This is the most consequential setting in DNS. Get it wrong and either your site is slow or your changes don't take effect.

Short TTL (60-300 seconds): changes propagate fast. But every cache miss = a fresh query. Costs more, slower for end users (more lookups), more load on authoritative servers.

Medium TTL (1 hour): nice balance. Common default.

Long TTL (24 hours+): cheap, fast for users. But emergencies (failover, accidental misconfig) take a long time to fix.

The standard pattern for planned changes: a few days before the change, lower the TTL to 300 seconds. Wait for old caches to expire. Make the change. After the change is verified, raise the TTL back up. This way you get fast deploy + cheap normal operation.

The "DNS Propagation" Confusion

Beginners and tutorials say "wait for DNS to propagate" as if there's a process pushing your record change to servers around the world. There isn't.

What actually happens:

1. You update the record at your authoritative server. This takes effect immediately. Your authoritative server now returns the new value to anyone who asks.

2. Recursive resolvers around the world have the OLD value cached (if anyone recently looked it up). They will return the old value until their cached entry's TTL expires.

3. As cached entries expire, those resolvers fetch the new value from your authoritative server.

So "propagation time" = "longest TTL of any cache that has the old value". Worst case: you set TTL=86400 (24 hours), changed the record one second after a popular ISP cached the old value. That ISP will return the old value for almost 24 hours.

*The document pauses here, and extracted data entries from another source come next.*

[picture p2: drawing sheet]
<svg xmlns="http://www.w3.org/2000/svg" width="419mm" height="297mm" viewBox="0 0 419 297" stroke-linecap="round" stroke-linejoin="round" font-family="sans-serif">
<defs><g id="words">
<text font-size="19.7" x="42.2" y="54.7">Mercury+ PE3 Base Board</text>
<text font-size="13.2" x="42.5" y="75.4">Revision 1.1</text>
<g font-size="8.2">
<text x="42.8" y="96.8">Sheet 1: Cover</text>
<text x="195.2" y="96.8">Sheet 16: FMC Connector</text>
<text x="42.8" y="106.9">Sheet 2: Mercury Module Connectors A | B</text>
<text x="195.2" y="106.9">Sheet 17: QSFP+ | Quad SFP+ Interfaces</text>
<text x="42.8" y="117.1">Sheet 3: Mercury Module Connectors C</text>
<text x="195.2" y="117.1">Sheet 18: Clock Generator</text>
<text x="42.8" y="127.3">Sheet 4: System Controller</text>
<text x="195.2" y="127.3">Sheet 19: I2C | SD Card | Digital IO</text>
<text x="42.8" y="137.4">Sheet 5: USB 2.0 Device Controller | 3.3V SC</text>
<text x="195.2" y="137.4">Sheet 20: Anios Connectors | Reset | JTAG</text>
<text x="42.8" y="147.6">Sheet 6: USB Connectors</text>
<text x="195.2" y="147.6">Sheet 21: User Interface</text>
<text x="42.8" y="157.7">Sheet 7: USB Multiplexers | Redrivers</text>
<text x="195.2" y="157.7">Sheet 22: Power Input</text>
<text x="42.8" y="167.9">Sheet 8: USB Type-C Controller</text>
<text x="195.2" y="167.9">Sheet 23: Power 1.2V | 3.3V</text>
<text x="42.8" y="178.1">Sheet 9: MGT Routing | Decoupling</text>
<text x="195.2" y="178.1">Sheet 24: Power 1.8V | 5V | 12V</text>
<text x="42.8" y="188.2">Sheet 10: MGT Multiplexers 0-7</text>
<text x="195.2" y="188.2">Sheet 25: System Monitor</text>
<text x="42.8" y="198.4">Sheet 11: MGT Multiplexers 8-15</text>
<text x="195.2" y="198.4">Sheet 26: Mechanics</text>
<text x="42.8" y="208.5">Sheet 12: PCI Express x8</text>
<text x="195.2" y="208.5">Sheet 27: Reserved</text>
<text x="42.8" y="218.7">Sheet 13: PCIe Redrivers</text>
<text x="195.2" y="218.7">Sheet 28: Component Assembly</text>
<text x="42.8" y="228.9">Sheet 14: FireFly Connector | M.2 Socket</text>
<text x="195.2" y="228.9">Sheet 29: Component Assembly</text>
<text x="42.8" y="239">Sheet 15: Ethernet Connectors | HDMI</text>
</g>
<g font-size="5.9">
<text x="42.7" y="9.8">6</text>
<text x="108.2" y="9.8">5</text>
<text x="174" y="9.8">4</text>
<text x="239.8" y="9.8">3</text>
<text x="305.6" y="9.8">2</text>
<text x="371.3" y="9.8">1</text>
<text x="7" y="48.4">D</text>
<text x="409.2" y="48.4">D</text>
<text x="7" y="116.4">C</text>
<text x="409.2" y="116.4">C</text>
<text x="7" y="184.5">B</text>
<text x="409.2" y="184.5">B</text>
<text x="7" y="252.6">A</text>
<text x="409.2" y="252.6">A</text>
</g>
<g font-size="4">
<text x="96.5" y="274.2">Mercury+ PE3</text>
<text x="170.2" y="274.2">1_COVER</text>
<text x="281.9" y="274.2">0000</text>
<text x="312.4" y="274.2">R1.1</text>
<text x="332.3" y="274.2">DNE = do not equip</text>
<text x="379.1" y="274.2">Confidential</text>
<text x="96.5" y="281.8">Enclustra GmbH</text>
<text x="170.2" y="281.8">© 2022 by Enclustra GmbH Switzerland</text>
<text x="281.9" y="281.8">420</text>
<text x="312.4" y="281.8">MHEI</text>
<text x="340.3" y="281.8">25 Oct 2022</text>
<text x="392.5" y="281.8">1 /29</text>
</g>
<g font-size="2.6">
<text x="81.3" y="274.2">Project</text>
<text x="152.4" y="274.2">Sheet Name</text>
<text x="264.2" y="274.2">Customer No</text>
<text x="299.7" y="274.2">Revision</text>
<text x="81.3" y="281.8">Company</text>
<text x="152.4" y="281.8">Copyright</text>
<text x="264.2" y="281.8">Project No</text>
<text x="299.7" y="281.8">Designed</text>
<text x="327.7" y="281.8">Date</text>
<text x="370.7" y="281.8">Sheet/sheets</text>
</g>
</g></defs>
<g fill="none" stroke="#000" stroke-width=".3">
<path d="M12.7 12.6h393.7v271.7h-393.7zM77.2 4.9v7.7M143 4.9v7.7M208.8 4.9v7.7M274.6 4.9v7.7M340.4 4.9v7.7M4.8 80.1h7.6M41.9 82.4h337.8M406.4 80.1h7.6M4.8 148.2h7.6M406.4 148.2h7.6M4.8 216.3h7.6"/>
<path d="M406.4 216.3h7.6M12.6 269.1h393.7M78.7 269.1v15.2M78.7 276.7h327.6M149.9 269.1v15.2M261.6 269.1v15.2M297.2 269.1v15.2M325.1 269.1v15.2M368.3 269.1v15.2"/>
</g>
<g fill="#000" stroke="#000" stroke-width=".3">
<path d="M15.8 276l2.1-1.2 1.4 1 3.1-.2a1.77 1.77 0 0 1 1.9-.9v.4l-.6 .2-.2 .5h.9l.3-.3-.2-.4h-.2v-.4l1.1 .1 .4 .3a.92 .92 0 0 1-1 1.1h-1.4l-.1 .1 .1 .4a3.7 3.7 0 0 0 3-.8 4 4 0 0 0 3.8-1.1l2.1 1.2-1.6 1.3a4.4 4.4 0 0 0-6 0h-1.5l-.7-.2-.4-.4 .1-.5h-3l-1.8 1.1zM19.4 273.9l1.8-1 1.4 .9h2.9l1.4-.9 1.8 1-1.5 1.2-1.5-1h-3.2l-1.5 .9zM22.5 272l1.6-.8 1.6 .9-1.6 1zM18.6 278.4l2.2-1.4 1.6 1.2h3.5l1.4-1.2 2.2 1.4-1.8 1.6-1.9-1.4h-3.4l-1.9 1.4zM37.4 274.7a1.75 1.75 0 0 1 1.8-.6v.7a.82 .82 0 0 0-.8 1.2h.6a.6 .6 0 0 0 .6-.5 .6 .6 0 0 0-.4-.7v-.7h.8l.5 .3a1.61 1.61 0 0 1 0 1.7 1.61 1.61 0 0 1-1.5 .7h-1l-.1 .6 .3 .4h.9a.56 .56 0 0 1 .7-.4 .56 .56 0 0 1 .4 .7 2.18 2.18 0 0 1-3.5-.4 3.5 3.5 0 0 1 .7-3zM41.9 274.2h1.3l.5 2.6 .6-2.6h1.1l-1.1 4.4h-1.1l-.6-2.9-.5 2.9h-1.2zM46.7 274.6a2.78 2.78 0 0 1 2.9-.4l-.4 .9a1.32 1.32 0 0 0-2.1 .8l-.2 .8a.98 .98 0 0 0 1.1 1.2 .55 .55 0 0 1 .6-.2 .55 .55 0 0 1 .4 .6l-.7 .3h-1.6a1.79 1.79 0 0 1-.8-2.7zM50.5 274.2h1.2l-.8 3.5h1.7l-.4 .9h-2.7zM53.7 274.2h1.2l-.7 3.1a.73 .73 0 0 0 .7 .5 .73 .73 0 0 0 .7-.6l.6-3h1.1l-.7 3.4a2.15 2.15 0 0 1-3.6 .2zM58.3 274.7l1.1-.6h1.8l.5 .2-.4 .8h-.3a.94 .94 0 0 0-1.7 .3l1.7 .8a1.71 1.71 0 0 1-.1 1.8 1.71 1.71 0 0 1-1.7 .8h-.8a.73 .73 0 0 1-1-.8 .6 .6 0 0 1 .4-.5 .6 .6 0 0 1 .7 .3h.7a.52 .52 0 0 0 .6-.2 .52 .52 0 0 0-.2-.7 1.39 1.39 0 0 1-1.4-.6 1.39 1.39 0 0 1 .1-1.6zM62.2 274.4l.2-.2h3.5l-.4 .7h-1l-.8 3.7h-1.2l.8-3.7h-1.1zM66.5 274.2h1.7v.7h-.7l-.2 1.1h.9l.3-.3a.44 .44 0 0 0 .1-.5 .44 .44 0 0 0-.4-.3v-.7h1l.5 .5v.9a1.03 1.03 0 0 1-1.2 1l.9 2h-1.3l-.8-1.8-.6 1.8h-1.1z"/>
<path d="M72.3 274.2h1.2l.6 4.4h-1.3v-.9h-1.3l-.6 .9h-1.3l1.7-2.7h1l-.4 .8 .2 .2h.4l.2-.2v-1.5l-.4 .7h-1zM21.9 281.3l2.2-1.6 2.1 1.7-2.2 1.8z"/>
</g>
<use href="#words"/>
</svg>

Tools like whatsmydns.net ask resolvers around the world simultaneously and show whose cache has updated. Useful for confirming "yes, the change is visible globally now".

DNS Over UDP (Mostly)

DNS queries are tiny (typically < 512 bytes). UDP fits perfectly: no handshake, one packet out, one packet back, sub-millisecond when cached.

Why UDP works for DNS:

1. Queries are small.
2. If a UDP packet is lost, the resolver just retries.
3. No connection state to maintain across millions of queries per second.

For larger responses (DNSSEC adds signatures, big TXT records, AXFR zone transfers), DNS falls back to TCP. EDNS0 also lets DNS use larger UDP packets (up to 4096 bytes) before falling back.

Modern privacy variants:

DoT (DNS over TLS): DNS queries over TLS on port 853. Encrypted, but a network observer can still see you're doing DNS.
DoH (DNS over HTTPS): DNS queries inside HTTPS. Indistinguishable from normal web traffic. Browsers (Firefox, Chrome) increasingly use DoH by default to defeat ISP-level DNS surveillance and hijacking.
DoQ (DNS over QUIC): newer, fastest. Combines TLS-level privacy with QUIC's low latency.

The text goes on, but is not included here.